O Presidente da República diz que as primeiras informações sobre a queda da aeronave apontavam para a possibilidade de existirem também habitações atingidas, pelo que, “estando ali ao lado”, entendeu “estar presente naquele momento”

O Presidente da República explicou que na segunda-feira estava próximo de Tires (Cascais), onde a queda de uma aeronave fez cinco mortos, e por esse motivo quis passar onde aconteceu uma tragédia que "podia ter sido muito pior".

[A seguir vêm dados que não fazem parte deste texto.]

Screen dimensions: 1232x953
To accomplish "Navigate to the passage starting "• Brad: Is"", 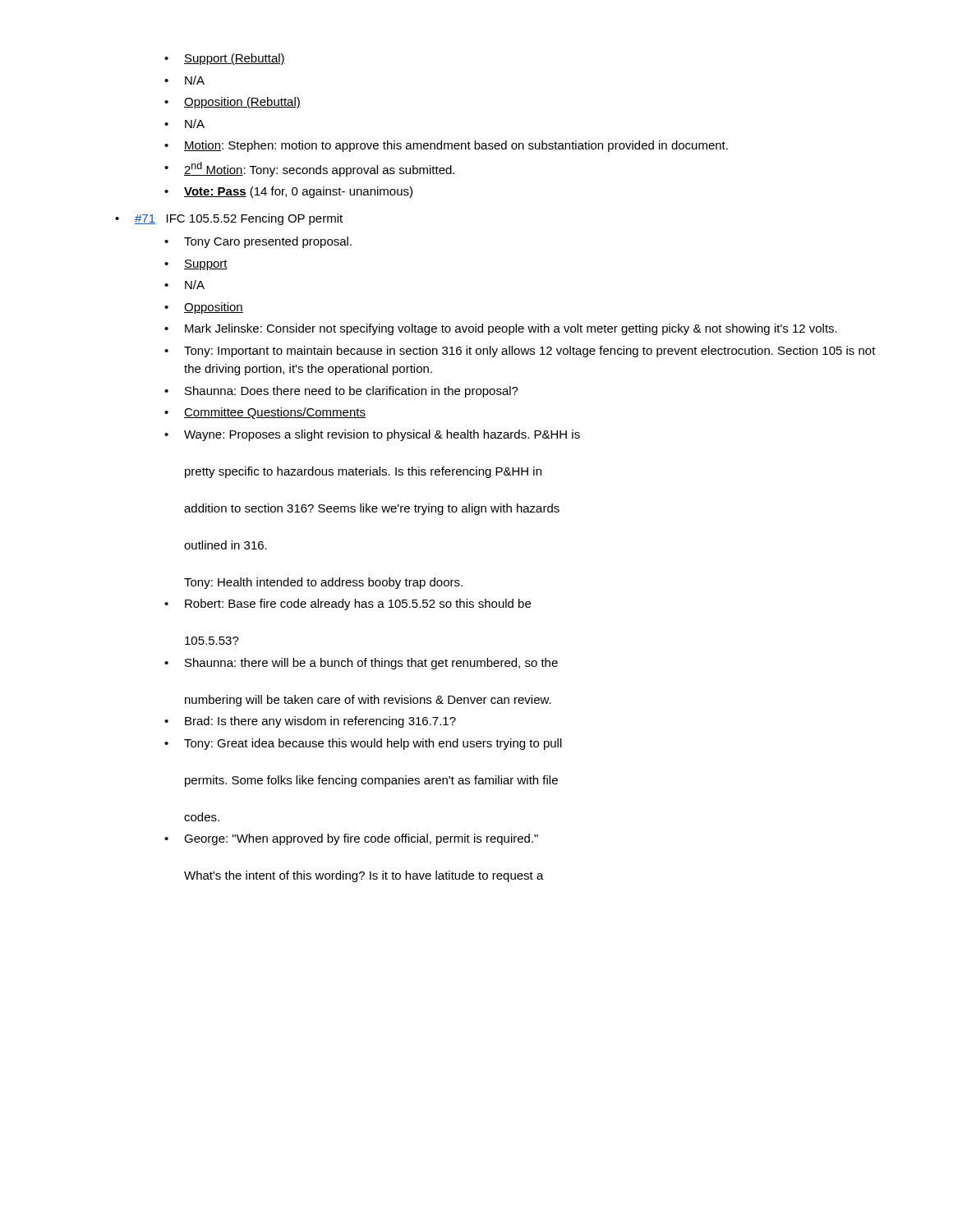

"Estava próximo e as noticias que tinha eram, felizmente, por que depois não se confirmou, muito piores", declarou Marcelo Rebelo de Sousa, falando aos jornalistas esta terça-feira à margem de uma cerimónia em Lisboa.

O chefe de Estado acrescentou que teve informações na segunda-feira de que "habitações podiam ter sido atingidas também" na queda da aeronave.

"Temia-se isso e entendi que devia, estando ali ao lado, estar presente naquele momento que podia ter sido muito pior", prosseguiu, antes de endereçar os sentimentos a quem perdeu familiares e amigos no acidente.

Um comunicado do aeródromo municipal de Cascais, em Tires, informou que, pelas 11h05 de segunda-feira, "o voo de um operador privado, Symbios Orthopedic, envolvendo uma aeronave PA-31, que descolava de Cascais com destino a Marselha, com três passageiros e um tripulante a bordo, sofreu um acidente fora do espaço aeroportuário".

O bimotor Piper, modelo Cheyenne II, da empresa especializada em implantes ortopédicos, despenhou-se após percorrer cerca de dois quilómetros, no parque de descargas de um supermercado LIDL, numa densa área habitacional.

De acordo com uma fonte do setor aeronáutico, o piloto tinha nacionalidade suíça e os passageiros, duas mulheres e um homem, tinham nacionalidade francesa.
Além da tripulação, morreu também um homem que estava no local onde se despenhou a aeronave.

O Presidente da República passou pelo local para se inteirar das operações de socorro, que mobilizaram 128 operacionais e 47 viaturas.

O Gabinete de Prevenção e Investigação de Acidentes com Aeronaves e de Acidentes Ferroviários (GPIAAF) anunciou que vai publicar, no prazo de 30 dias, o relatório preliminar sobre a queda de uma aeronave em Tires.